## Background

Prime numbers are pretty important to mathematics. They form the basis of many problems in number theory, and they are the building blocks of multiplication, as all numbers can be made by multiplying a unique set of primes together.

And yet, for something so simple, the primes are legendarily hard to pin down. They appear unpredictably on the number line, even while they’re fixed in place. It’s hard to tell if a given number is prime or not, or what the prime factors of a given number are.

Due to this computational difficulty, it’s become a common task in computing to try and find larger and larger primes. The current largest known prime number has over 22 million digits. Technically, as there are infinite primes, there is no “largest” prime, but there is certainly a largest found prime.

So, how exactly do you find a large prime? There are two necessary elements to this – fast computers (or more likely, distributed computing), and a good method for finding the primes.

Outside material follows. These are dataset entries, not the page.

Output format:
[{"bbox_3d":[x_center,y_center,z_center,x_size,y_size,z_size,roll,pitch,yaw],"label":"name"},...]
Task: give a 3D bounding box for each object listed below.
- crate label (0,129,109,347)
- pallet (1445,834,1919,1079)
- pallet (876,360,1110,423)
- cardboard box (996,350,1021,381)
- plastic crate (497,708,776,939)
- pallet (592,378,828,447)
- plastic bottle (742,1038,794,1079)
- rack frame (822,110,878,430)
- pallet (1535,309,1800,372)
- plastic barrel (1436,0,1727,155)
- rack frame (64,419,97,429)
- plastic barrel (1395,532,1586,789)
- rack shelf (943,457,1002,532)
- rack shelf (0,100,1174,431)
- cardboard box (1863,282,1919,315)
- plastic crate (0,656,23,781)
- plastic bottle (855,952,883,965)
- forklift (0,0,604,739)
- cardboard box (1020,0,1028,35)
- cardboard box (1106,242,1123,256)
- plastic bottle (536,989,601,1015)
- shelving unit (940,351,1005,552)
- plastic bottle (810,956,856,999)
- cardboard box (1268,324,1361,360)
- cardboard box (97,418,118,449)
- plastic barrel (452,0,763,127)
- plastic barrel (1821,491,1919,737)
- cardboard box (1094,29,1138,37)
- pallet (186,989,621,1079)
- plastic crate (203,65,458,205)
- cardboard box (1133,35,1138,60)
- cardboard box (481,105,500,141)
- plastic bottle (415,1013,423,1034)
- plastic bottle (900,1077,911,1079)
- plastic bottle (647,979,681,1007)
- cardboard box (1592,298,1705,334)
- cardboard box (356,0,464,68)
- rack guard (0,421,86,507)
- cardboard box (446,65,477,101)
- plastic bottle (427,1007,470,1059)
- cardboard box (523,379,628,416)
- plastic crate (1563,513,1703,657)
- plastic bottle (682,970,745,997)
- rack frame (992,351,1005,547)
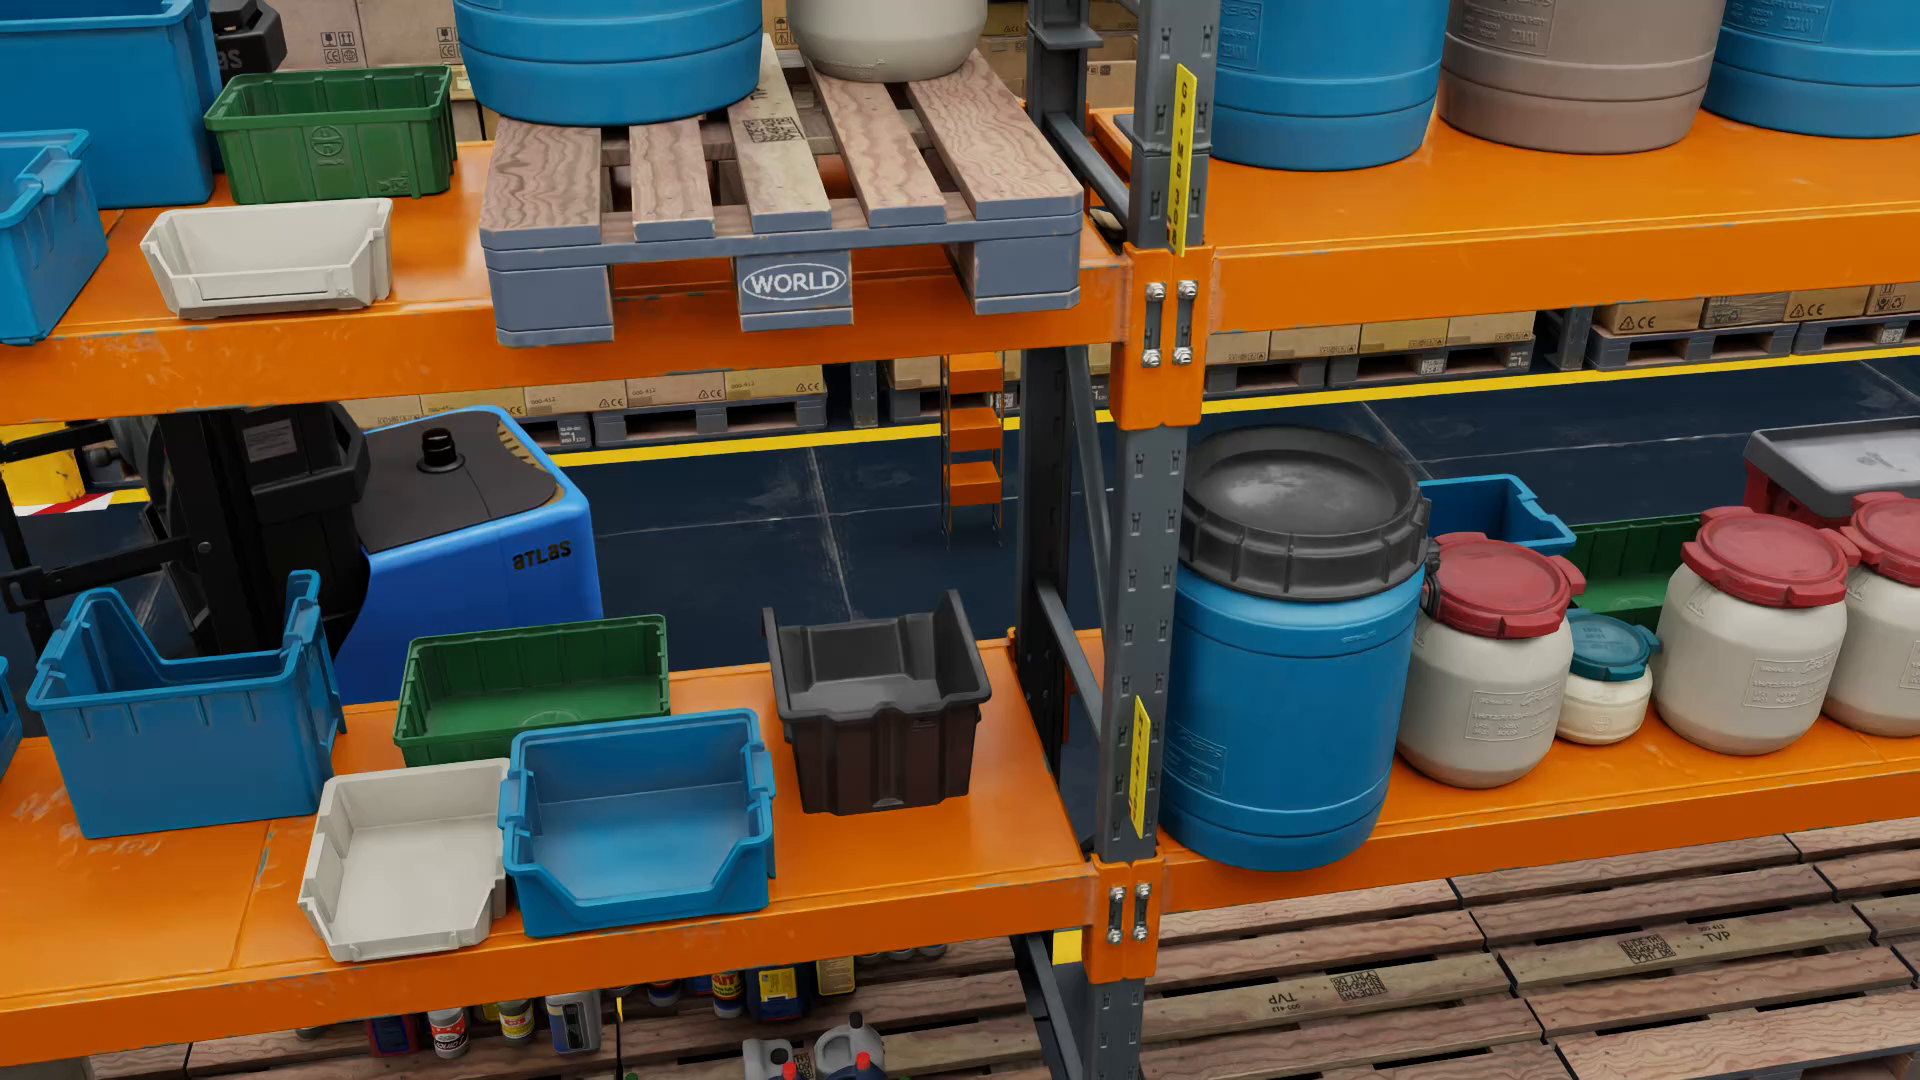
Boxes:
[{"bbox_3d":[-1.728,-0.524,2.869,0.408,0.251,0.502,-5,31,-9],"label":"crate label"},{"bbox_3d":[2.274,1.344,5.256,1.213,0.211,1.003,-5,31,-9],"label":"pallet"},{"bbox_3d":[0.135,-1.008,9.257,1.213,0.211,1.003,-5,31,-9],"label":"pallet"},{"bbox_3d":[0.362,-1.079,8.924,0.500,0.250,0.500,-5,31,-8],"label":"cardboard box"},{"bbox_3d":[-0.734,0.647,3.837,0.616,0.251,0.499,-5,31,-9],"label":"plastic crate"},{"bbox_3d":[-1.372,-0.870,9.021,1.213,0.211,1.003,-5,31,-9],"label":"pallet"},{"bbox_3d":[-0.516,1.479,4.528,0.135,0.276,0.152,-5,31,-9],"label":"plastic bottle"},{"bbox_3d":[-0.582,-2.124,8.402,0.127,3.000,1.000,-5,31,-9],"label":"rack frame"},{"bbox_3d":[4.093,-1.336,9.814,1.213,0.211,1.003,-5,31,-9],"label":"pallet"},{"bbox_3d":[1.411,-1.377,3.679,0.600,0.901,0.600,0,30,0],"label":"plastic barrel"},{"bbox_3d":[-4.517,-1.759,7.781,0.127,3.000,1.000,-5,31,-9],"label":"rack frame"},{"bbox_3d":[1.287,0.310,4.130,0.433,0.535,0.433,0,30,0],"label":"plastic barrel"},{"bbox_3d":[0.053,-0.209,7.638,0.240,0.259,0.215,-5,31,-9],"label":"rack shelf"},{"bbox_3d":[-1.661,-0.454,3.313,4.000,0.370,1.077,-5,31,-9],"label":"rack shelf"},{"bbox_3d":[5.372,-1.644,9.619,0.500,0.500,0.500,-6,31,-11],"label":"cardboard box"},{"bbox_3d":[-2.550,0.524,4.046,0.408,0.251,0.499,-5,31,-9],"label":"plastic crate"},{"bbox_3d":[-0.286,1.192,5.090,0.097,0.201,0.097,0,30,0],"label":"plastic bottle"},{"bbox_3d":[-2.824,-0.284,5.341,3.031,2.935,1.130,-18,35,-28],"label":"forklift"},{"bbox_3d":[0.680,-4.232,13.280,0.500,0.250,0.500,-5,31,-9],"label":"cardboard box"},{"bbox_3d":[0.871,-1.366,8.858,0.500,0.311,0.500,-6,31,-11],"label":"cardboard box"},{"bbox_3d":[-1.167,1.221,4.893,0.185,0.351,0.144,-6,31,-9],"label":"plastic bottle"},{"bbox_3d":[0.053,-0.457,7.492,0.252,1.050,0.215,-5,31,-9],"label":"shelving unit"},{"bbox_3d":[-0.380,1.234,4.937,0.133,0.283,0.061,-5,31,-9],"label":"plastic bottle"},{"bbox_3d":[1.877,-1.222,9.167,0.500,0.250,0.500,-5,31,-8],"label":"cardboard box"},{"bbox_3d":[-3.949,-0.692,8.266,0.500,0.250,0.500,-5,31,-9],"label":"cardboard box"},{"bbox_3d":[-0.692,-1.306,3.144,0.708,0.901,0.600,-5,31,-9],"label":"plastic barrel"},{"bbox_3d":[2.434,0.203,4.311,0.433,0.535,0.433,0,30,0],"label":"plastic barrel"},{"bbox_3d":[1.230,-3.990,13.608,0.500,0.500,0.700,-5,31,-9],"label":"cardboard box"},{"bbox_3d":[-1.565,1.702,4.647,1.213,0.211,1.003,-5,31,-9],"label":"pallet"},{"bbox_3d":[-1.295,-0.847,3.481,0.450,0.188,0.336,-5,31,-9],"label":"plastic crate"},{"bbox_3d":[1.187,-2.323,8.642,0.500,0.500,0.500,-5,31,-9],"label":"cardboard box"},{"bbox_3d":[-2.030,-2.028,8.141,0.500,0.500,0.700,-5,31,-8],"label":"cardboard box"},{"bbox_3d":[-1.648,1.300,4.832,0.135,0.276,0.152,-5,31,-9],"label":"plastic bottle"},{"bbox_3d":[-0.108,1.536,4.424,0.133,0.283,0.061,-4,31,-6],"label":"plastic bottle"},{"bbox_3d":[-0.886,1.249,4.924,0.097,0.271,0.097,0,30,0],"label":"plastic bottle"},{"bbox_3d":[3.851,-1.500,9.374,0.500,0.500,0.500,-4,31,-7],"label":"cardboard box"},{"bbox_3d":[-2.499,-2.545,7.740,0.500,0.500,0.700,-5,31,-9],"label":"cardboard box"},{"bbox_3d":[-4.541,-0.679,8.411,0.348,0.500,1.175,-5,31,-9],"label":"rack guard"},{"bbox_3d":[-2.321,-2.174,7.749,0.250,0.149,0.380,-4,31,-7],"label":"cardboard box"},{"bbox_3d":[-1.471,1.380,4.770,0.097,0.201,0.097,0,30,0],"label":"plastic bottle"},{"bbox_3d":[-1.982,-0.874,8.576,0.500,0.250,0.500,-5,31,-9],"label":"cardboard box"},{"bbox_3d":[1.968,0.138,4.765,0.662,0.188,0.450,-5,31,-9],"label":"plastic crate"},{"bbox_3d":[-0.748,1.183,4.959,0.185,0.351,0.144,-7,31,-11],"label":"plastic bottle"},{"bbox_3d":[0.173,-0.469,7.511,0.008,1.050,0.200,-5,31,-9],"label":"rack frame"}]

The most basic method for finding primes is to try dividing it by 2, by 3, by 5, and keep dividing by all the primes up to the square root of the number, and see if any of them divide neatly. If they don’t, it’s prime.

For finding large primes, this is incredibly impractical, so they’ve found faster algorithms. This is a quick explanation of the most common one, the Lucas-Lehmer test.

## Mersenne Primes

This test is very quick at determining whether a number is prime or not, but there is a catch – it only works on certain kinds of numbers. All of the largest primes that have been found are a form of number called a Mersenne number, which is any number 1 less than a power of 2:

M_{n} = 2^{n}-1

This is because the Lucas-Lehmer test only works to determine if Mersenne numbers are prime. So, why would we use such a limited test? Because it’s faster than any other that has been devised. To be fair, when you have large values of n, it still takes considerable computer time, but it might take a few weeks, where dividing by all smaller numbers might take, on the same computer, the lifetime of the universe. So, how does it work?

## Lucas-Lehmer test

This is how the test works. Say you want to know if, for example,

2^{7}-1

is prime or not. First of all, you need to make a number sequence, where the first term, T_{1} is 4, and each successive term is the previous term squared, take away 2.

T_{1} = 4

T_{2} = 4^{2}-2 = 14

T_{3} = 14^{2}-2 = 194

T_{n} = (T_{n-1})^{2}-2

Then, you take our exponent (in this case, 7), and take away 1, to get 6. Take this sequence we just defined, and go to the 6th term, which in this case is

T_{6} = 2005956546822746114

And we divide it by our whole number, which is 2^{7}-1. Now, the question is – do we get a remainder after this division? In this case, no we get 15794933439549182, a nice integer. this means that the number is prime.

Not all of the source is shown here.